# Anyone use the Black Body Little Buddy Conveyor Dryer?



## Locklear (Nov 24, 2006)

I've been looking for a small dryer that will allow me to print on a 6-color, 4-station press without slowing down my run.

I'm considering the Little Buddy, but have also been told that the shirts may have to be run through the tunnel more than once and that I may run out of room on the belt when printing quickly

Can anyone make any recommendations?

Thanks.


----------



## propsuper (Mar 23, 2008)

We have and still use a lil buddy. It has givin us good service for the past 5 or so yrs. We have never had a problem with having to run the shirt thru again. We are a small operation ( ma and pa ) but can still print and cure shirts at reasonable speed with the lil oven. The only problem we have had is the belt motor, but a trip to grainger and an hour of work fixed that.


----------



## out da box (May 1, 2007)

I have one. Replaced the heat element with a high wattage 230 volt model. It burns! Gets REALLY HOT! And the belt flies!

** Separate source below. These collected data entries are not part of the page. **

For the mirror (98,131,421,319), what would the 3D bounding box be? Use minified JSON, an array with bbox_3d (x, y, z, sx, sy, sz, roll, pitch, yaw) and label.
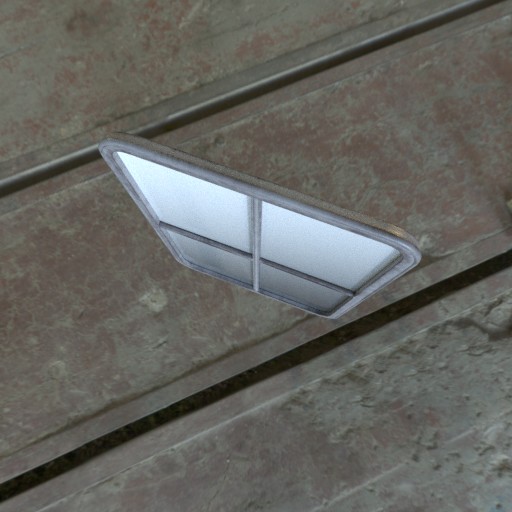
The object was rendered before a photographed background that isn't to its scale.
[{"bbox_3d":[0.000,0.000,0.891,0.461,0.713,0.024,20,76,5],"label":"mirror"}]
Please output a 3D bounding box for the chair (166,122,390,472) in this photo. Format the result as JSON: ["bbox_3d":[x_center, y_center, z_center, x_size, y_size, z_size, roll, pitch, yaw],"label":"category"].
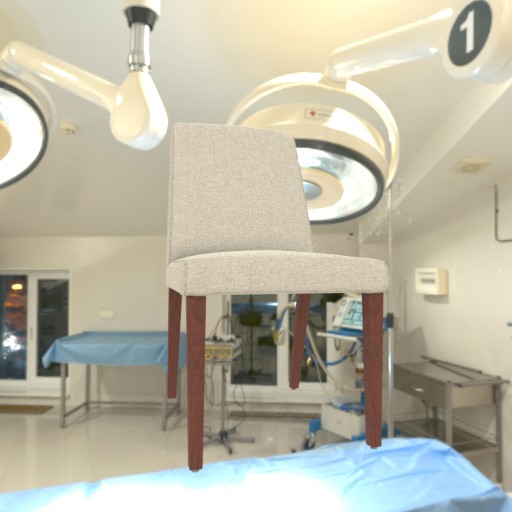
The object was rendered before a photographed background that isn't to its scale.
[{"bbox_3d":[0.000,0.000,1.237,0.480,0.900,0.594,0,-2,-16],"label":"chair"}]
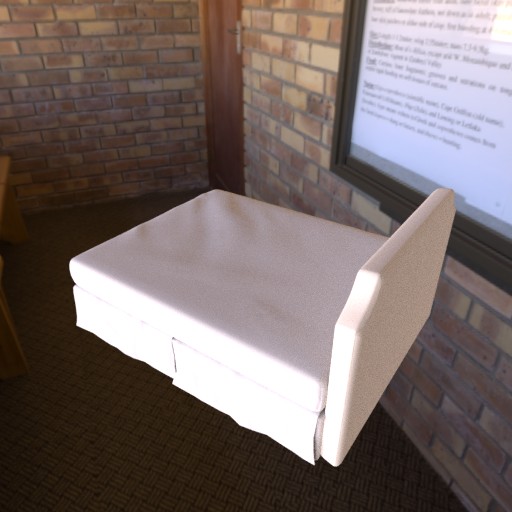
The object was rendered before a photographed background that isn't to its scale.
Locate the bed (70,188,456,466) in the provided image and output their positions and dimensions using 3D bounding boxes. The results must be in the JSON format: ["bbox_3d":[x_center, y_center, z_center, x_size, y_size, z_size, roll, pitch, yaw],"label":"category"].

Never had a problem with uncured shirts with the new 2300 watt panel. Can't turn the heat up to 100% wihtout the belt being wide open. 

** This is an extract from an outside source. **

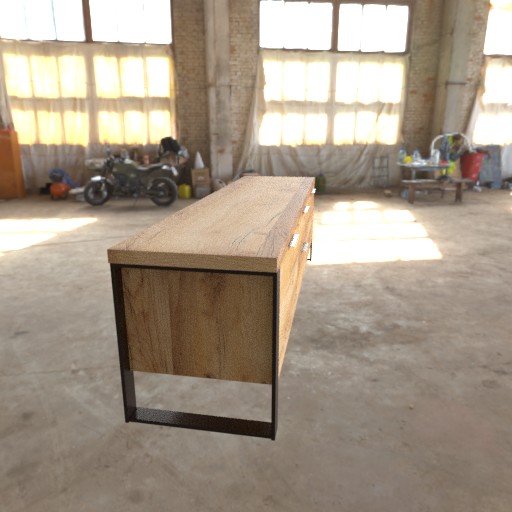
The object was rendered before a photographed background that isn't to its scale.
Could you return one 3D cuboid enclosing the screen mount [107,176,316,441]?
[{"bbox_3d":[0.000,0.000,1.727,0.395,0.450,1.524,3,17,10],"label":"screen mount"}]

I got a Lawson Omega 2412 with 3 heat panels last month, but the belt moves too slow, gonna have to replace the motor as this one is geared too slow.


----------



## Addison (Jun 12, 2008)

i also own the little buddy and have a 6-color press. i did have some problems with cotton/poly shirt when i had to cure the front once and the back once because it scorched the shirt. after that happened we bought the heat control. that is the only thing i don't like is that it doesn't tell you how hot it is so you have to use a temperature gun. hope this is helps but i am still a screening novice.

just curious, to all you other little buddy owners. what speed do you run you're belt at? i keep mine running at 30.


----------



## SOBER (Aug 6, 2007)

i purchased the same dryer also with the 220v.2300 watts or 3000 cant remember right now, but before that i was using the flash and boy am' i in heaven now....but ya' 
i dont have the heat control ,but at 30 fpm 
seems to do the job 4 me...i do the good ol'
stretch test and it has'nt failed me yet...


----------



## heavenlydesign (Jan 19, 2010)

I have the little buddy 5 foot dryer and it works great you just have to be careful how you lay the shirts down ant on larger shirts it gets a little tight but it realy saves on space compaired to the larger ones


----------



## alwilson (Jan 26, 2013)

I am about to purchase this from Ryonet and just noticed the online assembly instructions. It looks like you need an engineering degree to put this thing together. Can any of you guys let me know if it was difficult or just looks that way?


----------



## joe123 (Mar 20, 2012)

I'm wondering the same thing. How difficult is this thing to assemble?


----------



## sben763 (May 17, 2009)

If you can assemble most furniture or desk that come un assembled you should be able to do this in a few hours.


----------



## easyteesprinting (Aug 6, 2016)

What belt speed do you run the bbc little buddy 2 at. And the level for heat control


----------



## alwilson (Jan 26, 2013)

easyteesprinting said:


> What belt speed do you run the bbc little buddy 2 at. And the level for heat control


Just depends on the garment and type of ink used. 100% Cotton shirts go slower than Poly blends or 100% poly. Get a temp gun and experiment. You want plastisol to get to 330º or more. Once you the shirt comes out you should be able to stretch the ink without any cracking. If it cracks it is under cured.


----------



## Ripcord (Sep 2, 2006)

I have one. The assembly instructions are easy to understand. I didn't like the dryer until I got the heat control. I had to run the belt too fast and was worried the shirts weren't in the tunnel long enough. But now I like it fine though as metioned above with large shirts and especially hoodies you need to be a little creative to get them through.

I've been using it for years and just like Frank I had to replace the motor once (actually the motor was fine just the internal gear started slipping. No replacement part for that so I had to spend more than a hundred bucks because of a twenty cent part...Oh well.)


----------